19th century Ti — Building boom continues
The construction boom continued in Ticonderoga.
“L. C. Drake is getting out material for his new block. He has several valuable lots for sale in the heart of the village,” the Ticonderoga Sentinel reported on March 4, 1882.
The huge forms for Gilligan & Stevens’ new block is looming up. We understand it is to be completed by the first of June next. It will be a fine acquisition to the business portion of the village.”
It was a good time to be an architect.
“John Jalet, architect, is full of business just now with the building of two immense blocks to superintend,” the Sentinel reported on March 31. “He certainly will little time to plan mischief.”
Excavation work was begun for the new L. C. Drake building, which, when completed, would hose the Drake & Bennett dry goods and grocery store.
“This will undoubtedly be one of the finest buildings in northern New York. … It will have a thirty-seven-feet front on Exchange Street (Montcalm Street) and Ninety-Six feet on Main Street (Champlain Avenue) , with an entrance on both streets, and three stories high,” the Ticonderoga Sentinel reported on April 7. “The walls will be of solid brick and the inside is to be finished throughout with hard wood.”
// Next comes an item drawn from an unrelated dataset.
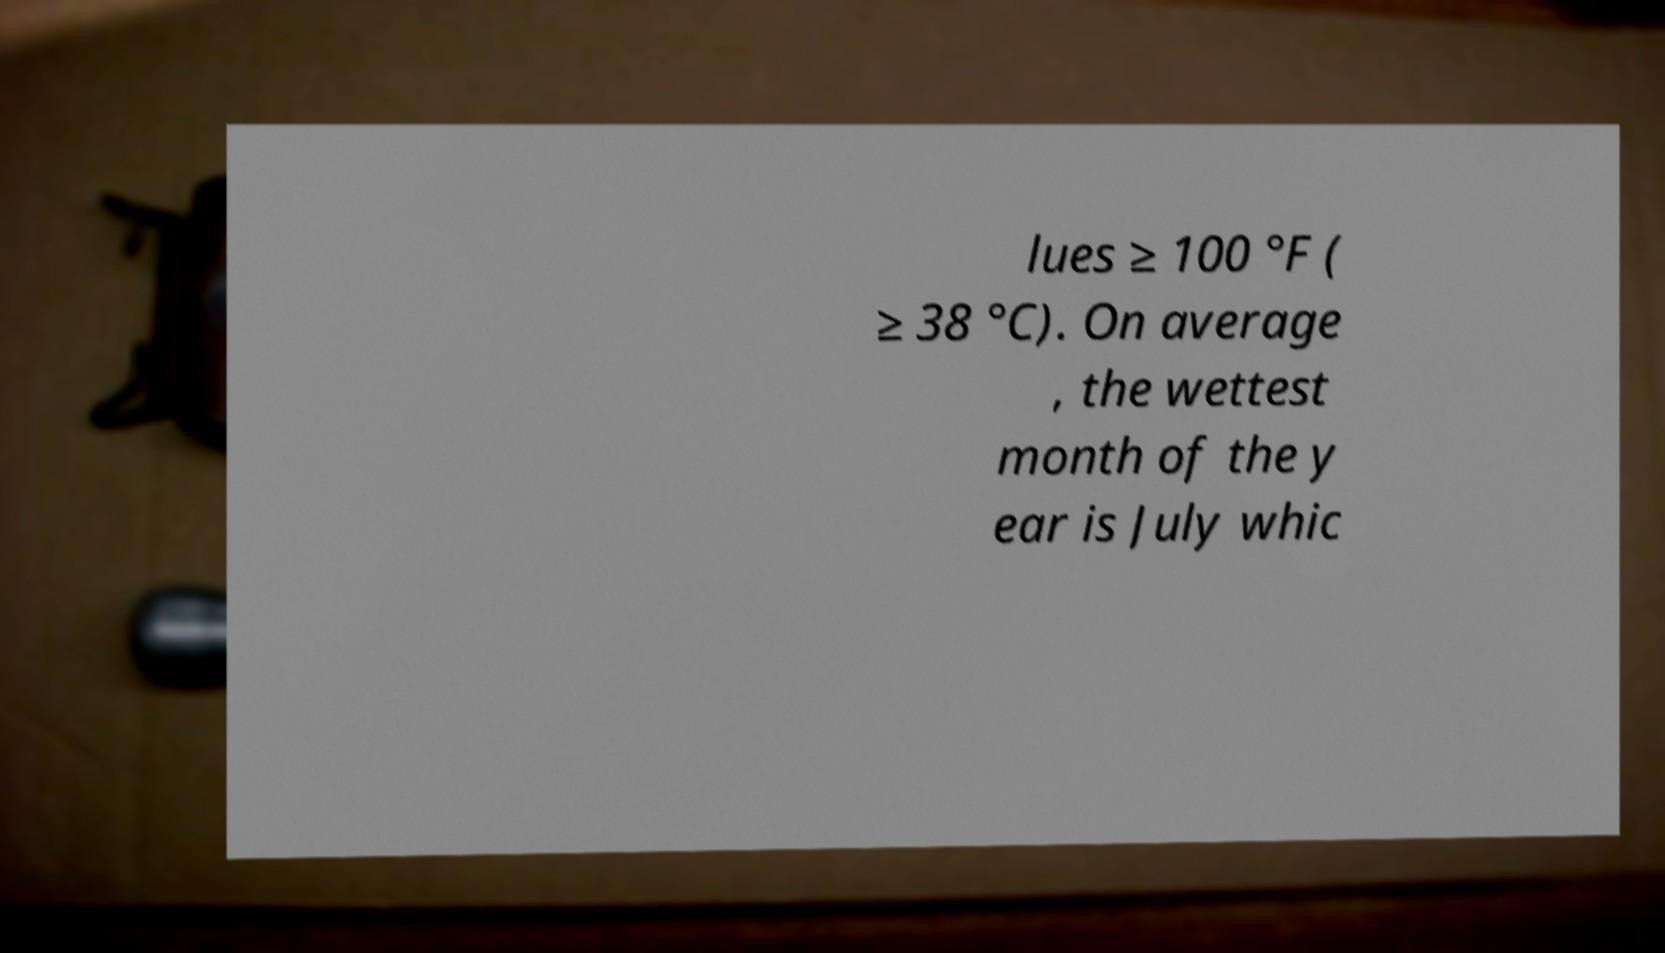Could you assist in decoding the text presented in this image and type it out clearly? lues ≥ 100 °F ( ≥ 38 °C). On average , the wettest month of the y ear is July whic

There was a shortage of housing.
“Dwellings are so scarce here that some of our monied men are thinking seriously of building tenement houses. Fifty good houses are needed today and would be taken at once,” the Sentinel reported on Match 31.
“Wm. Duross purchased the building in which he is doing a marketing business and will move it onto other grounds as soon as he can purchase a suitable site. The owner of the grounds, Mrs. Hall, is about to erect a block of five tenement houses at once, and so the work of building goes on.”
In other 19th century Ticonderoga news collected from historic newspapers of the region:
1882
- “We are authorized to say that for the better convenience of the numerous friends and customers of the First National Bank of Orwell, Vt., that they will open a banking office in the village of Ticonderoga in a short time,” the Sentinel reported on March 24.
- “The Rogers Rock Hotel is being enlarged in order to accommodate the increased patronage which the popular summer resort is receiving from year to year,” the Sentinel reported on March 24.
- “The D. & H. C. Co. are building a new depot, 250 feet in length, at Baldwin and the steamboat company is also erecting a covered walk to the new dock, 100 feet long and 40 feet wide,” the Sentinel reported on Sept. 30.
- “A new awning adorns the front of Hooper & Co.’s mammoth store,” the Sentinel reported on April 7. “Their front windows present a fine appearance with a beautiful stove and other articles in the centre, fine samples of shoes to the right, and a fine array of crockery and other wares to the left.”
1880
- “Your correspondent with road commissioners Phelps, McIntyre, and Underhill laid out and surveyed a road from Ironville to Ti line, near Warner Hill recently,” the Elizabethtown Post & Gazette reported on Sept. 2. “There were 22 courses and the distance traversed is 470 rods. Ti will continue the road S. E. to Ti Street Road.”